# Gas Station Problem

Difficulty: Medium

#### Understanding The Problem

Problem Description

There are `N` gas stations along a circular route, where the amount of gas at station `i` is `arr[i]`. You have a car with an unlimited gas tank and it costs `cost[i]` of gas to travel from station `i` to its next station `(i+1)`. At the beginning of the journey, the tank is empty at one of the gas stations.

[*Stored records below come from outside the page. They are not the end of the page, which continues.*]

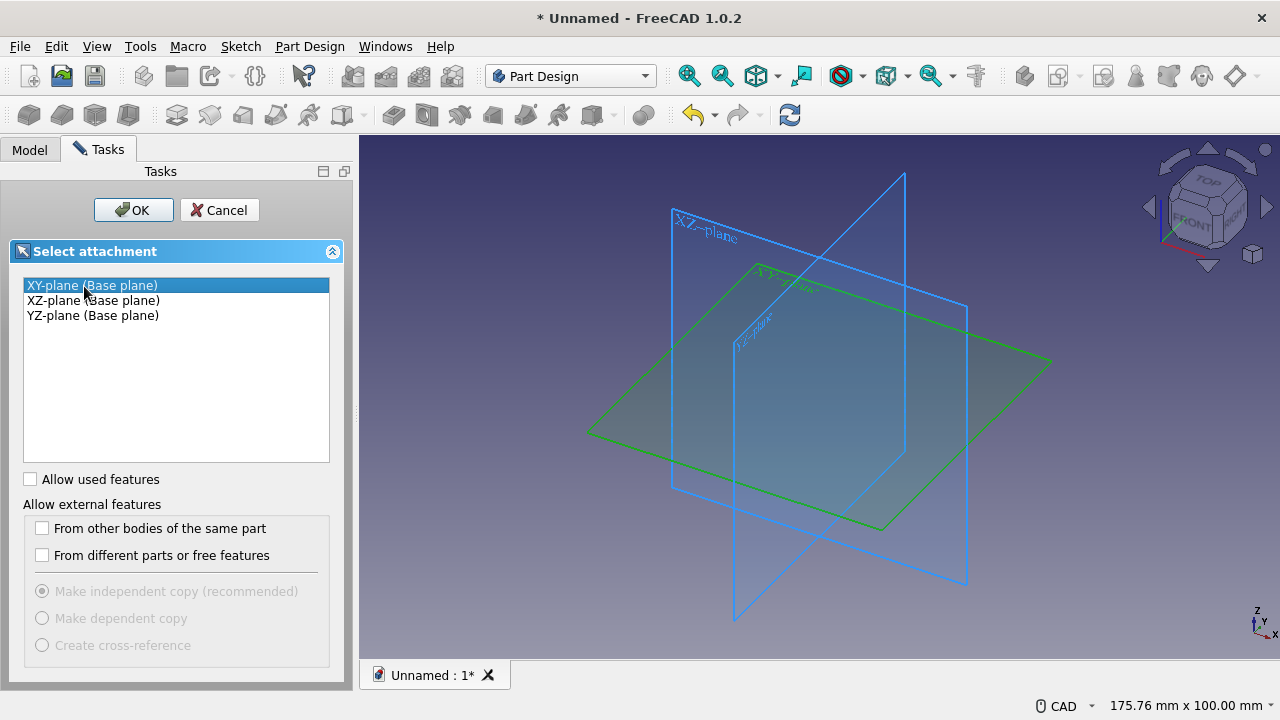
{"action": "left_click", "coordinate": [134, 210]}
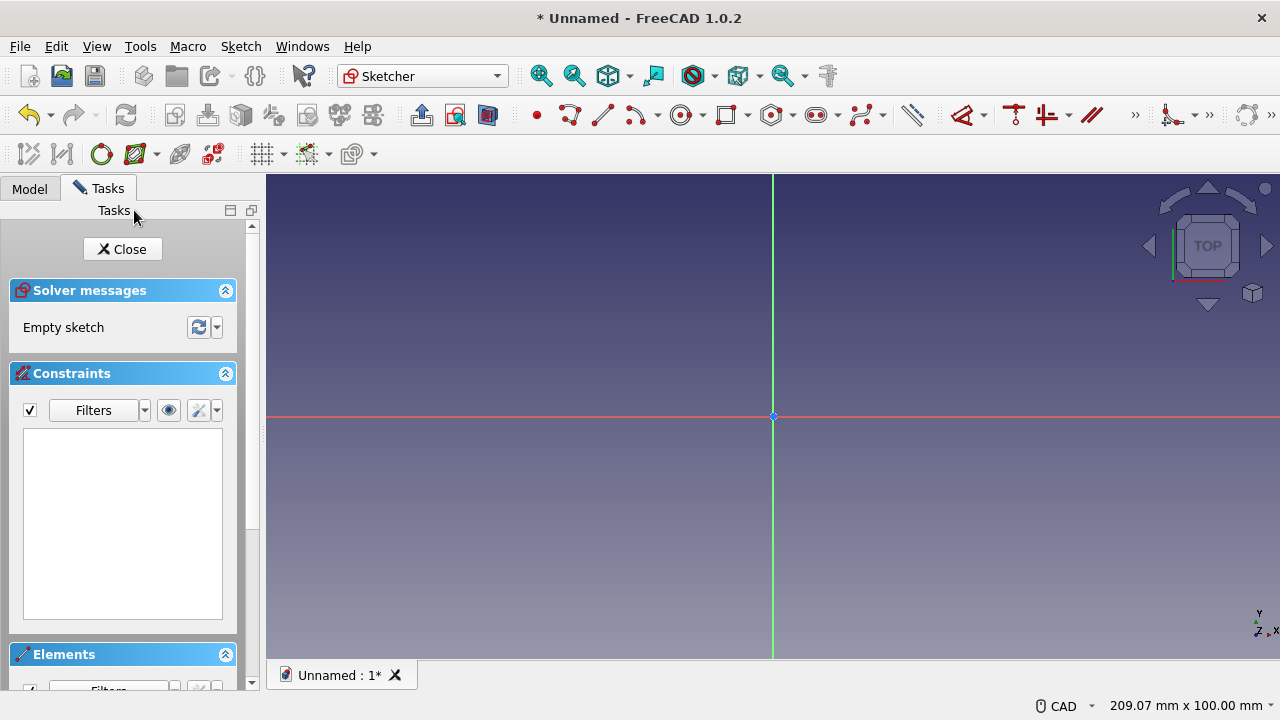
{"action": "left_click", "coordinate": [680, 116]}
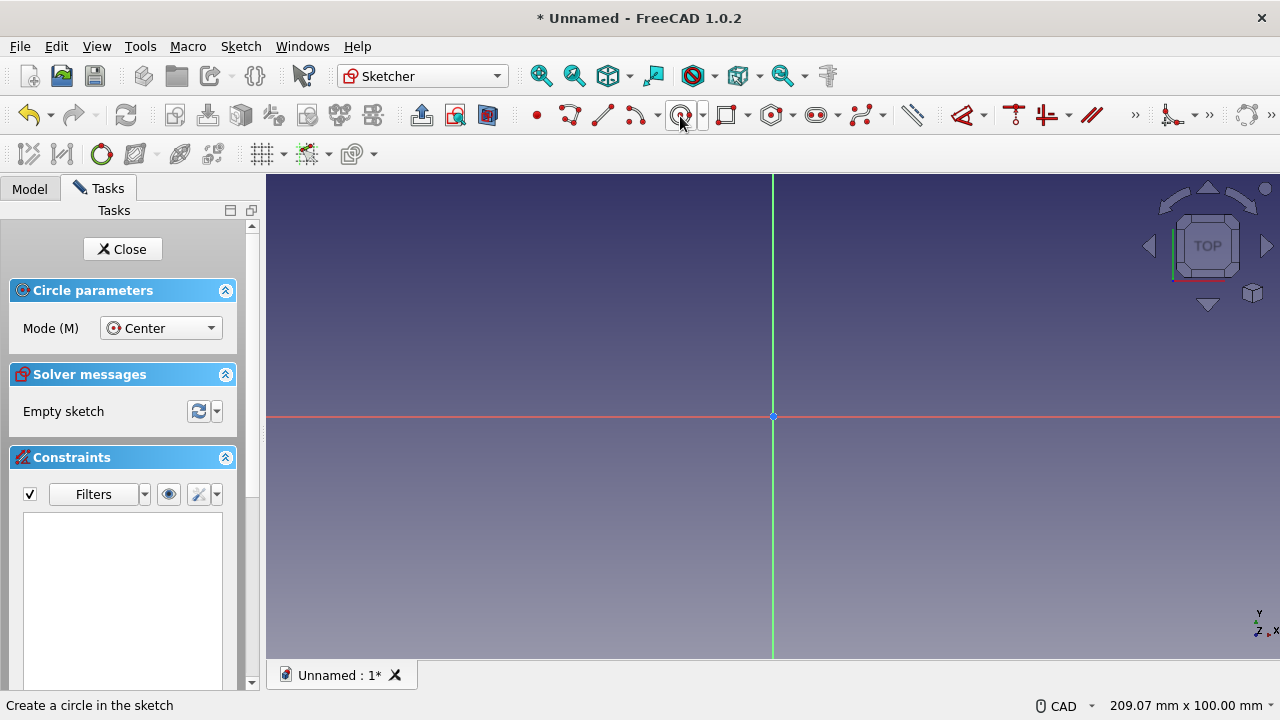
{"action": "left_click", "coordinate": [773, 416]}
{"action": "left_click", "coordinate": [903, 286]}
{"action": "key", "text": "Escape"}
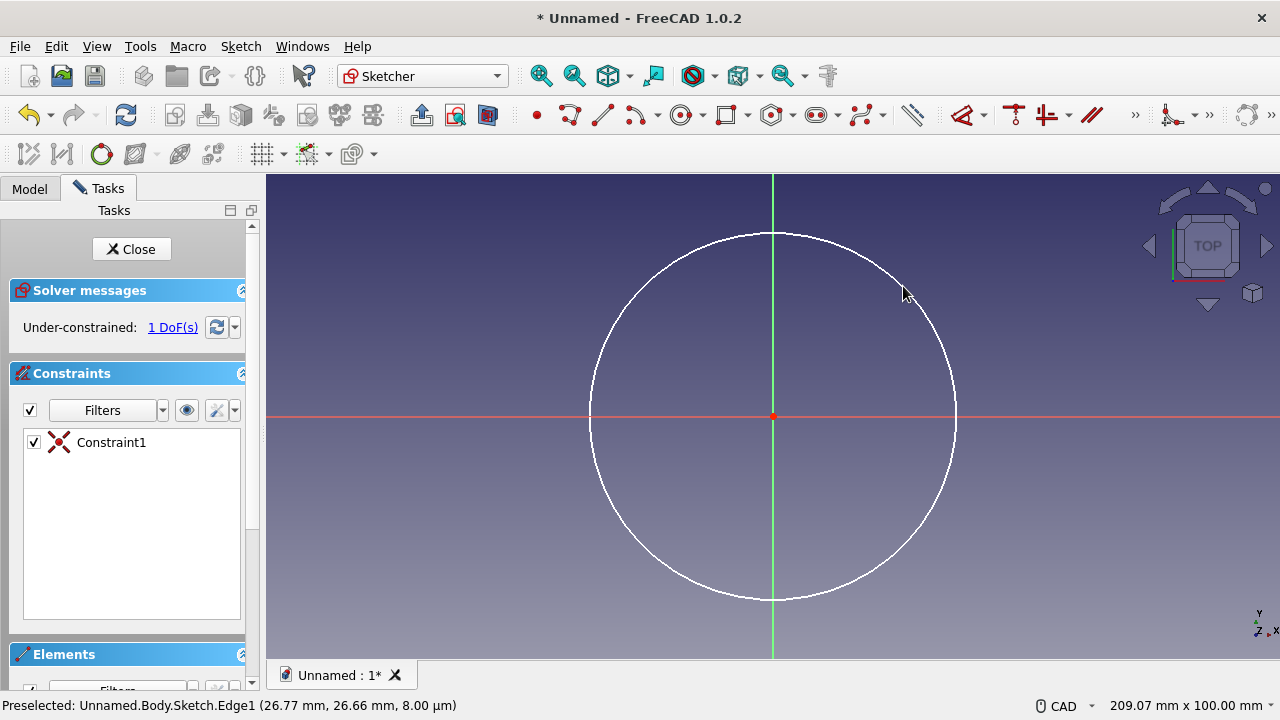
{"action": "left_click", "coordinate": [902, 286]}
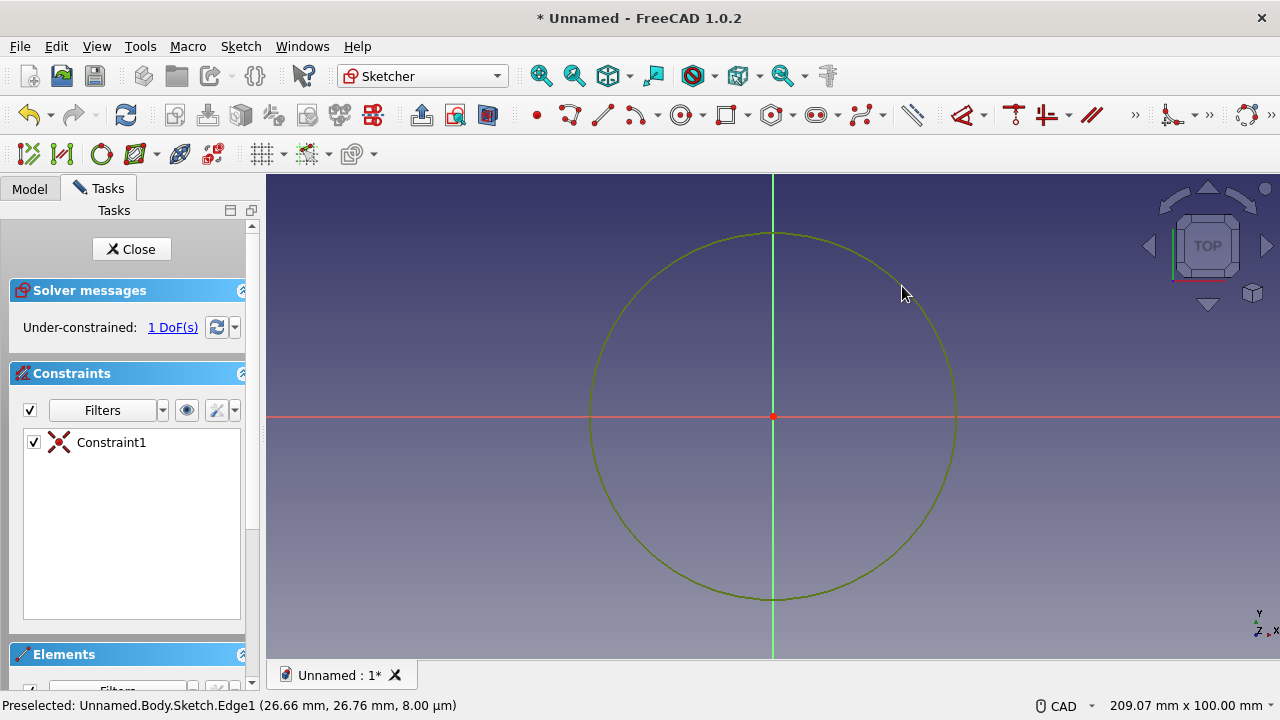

Return the minimum starting gas station’s index if you need to travel around the circuit once, otherwise return -1.

Problem Note

• Completing the circuit means starting at `i` and ending up at `i` again.
• Both input arrays are non-empty and have the same length.
• Each element in the input arrays is a non-negative integer.

Example 1

``````Input:
arr[] = [1,2,3,4,5]
cost[] = [3,4,5,1,2]
Output: 3``````
``````Explanation:
Start at station 3 (index 3) and fill up with 4 unit of gas. Gas available in Tank = 0 + 4 = 4
Travel to station 4.Gas available in tank = 4 - 1 + 5 = 8
Travel to station 0.Gas available in tank = 8 - 2 + 1 = 7
Travel to station 1.Gas available in tank = 7 - 3 + 2 = 6
Travel to station 2.Gas available in tank = 6 - 4 + 3 = 5
Travel to station 3.The cost is 5.Your gas is just enough to travel back to station 3.Therefore, return 3 as the starting index.``````

Example 2

``````Input:
arr[] = [2,3,4]
cost[] = [3,4,3]
Output: -1``````
``````Explanation:
You can't start at station 0 or 1, as there is not enough gas to travel to the next station.
Let's start at station 2 and fill up with 4 unit of gas. Gas available in tank = 0 + 4 = 4
Travel to station 0.Gas available in tank = 4 - 3 + 2 = 3
Travel to station 1.Gas available in tank = 3 - 3 + 3 = 3
You cannot travel back to station 2, as it requires 4 unit of gas but you only have 3.Therefore, you can't travel around the circuit once no matter where you start.``````

#### Solutions

We will be discussing a brute force and a greedy solution for the problem

1. Brute Force Solution: Check if you can cover all the gas stations starting from any station. If that’s not possible, repeat it by choosing another starting station.
2. Greedy Solution: Optimize the brute force by concluding that if you cannot cover station B from station A, then any station between them cannot lead to an answer.

#### 2. Greedy Solution

The problem enables you to have these two ideas:

• If the car starts at A and can not reach B. Any station between A and B can not reach B.(B is the first station that A can not reach.)
• If the total number of gas is bigger than the total number of cost. There must be a solution.

The proof of the above two ideas:

• In any station between A and B, let’s say C. C will have gas left in our tank, if we go from A to that station. We can’t reach B from A with some gas(maybe 0) left in the tank in C, so we can’t reach B from C with an empty tank.
• If the gas is more than the cost in total, there must be some stations we have enough gas to go through them. Let’s say they are green stations. So the other stations are red. The adjacent stations with the same color can be joined together as one. Then there must be a red station that can be joined into a precedent green station unless there isn’t any red station because the total gas is more than the total cost. In other words, all of the stations will join into a green station at last.

This Concludes:

1. If the sum of gas is more than the sum of cost, then there must be a solution. And the question guaranteed that the solution is unique(The first one you found will the right one).
2. The tank should never be negative, so restart whenever there is a negative number.

Solution Steps

• Create a `start` to store the valid starting index from where the car could touch all the stations.
• For each station `i`, fill the fuel tank with `gas[i]` and burn the fuel by `cost[i]`
• If at any point the tank is `< 0` then, choose the next index as the starting point.
• At last, check if the total fuel available at the gas stations is greater than the total fuel burnt during the travel.
• Return the `start`

Pseudo Code

``````    int canCompleteCircuit(int[] gas, int[] cost) {
start = 0
total = 0
tank = 0
for( i = 0 to i < gas.size() ) {
tank = tank + gas[i] - cost[i]
if(tank < 0) {
start = i+1
total= total + tank
tank=0
}
}
if(total + tank < 0) {
return -1
} else {
return start
}
}``````

Complexity Analysis

Time Complexity: O(n)

Space Complexity: O(1)

Critical Ideas To Think

• Whenever `tank` becomes `< 0` we set the next index as the `start`. Why?
• If the `tank` becomes `< 0`, We then set it to `0` . Why?
• Why did we return -1 if `total + tank < 0 `?
• How did we ensure that whether or not a solution exists for the input?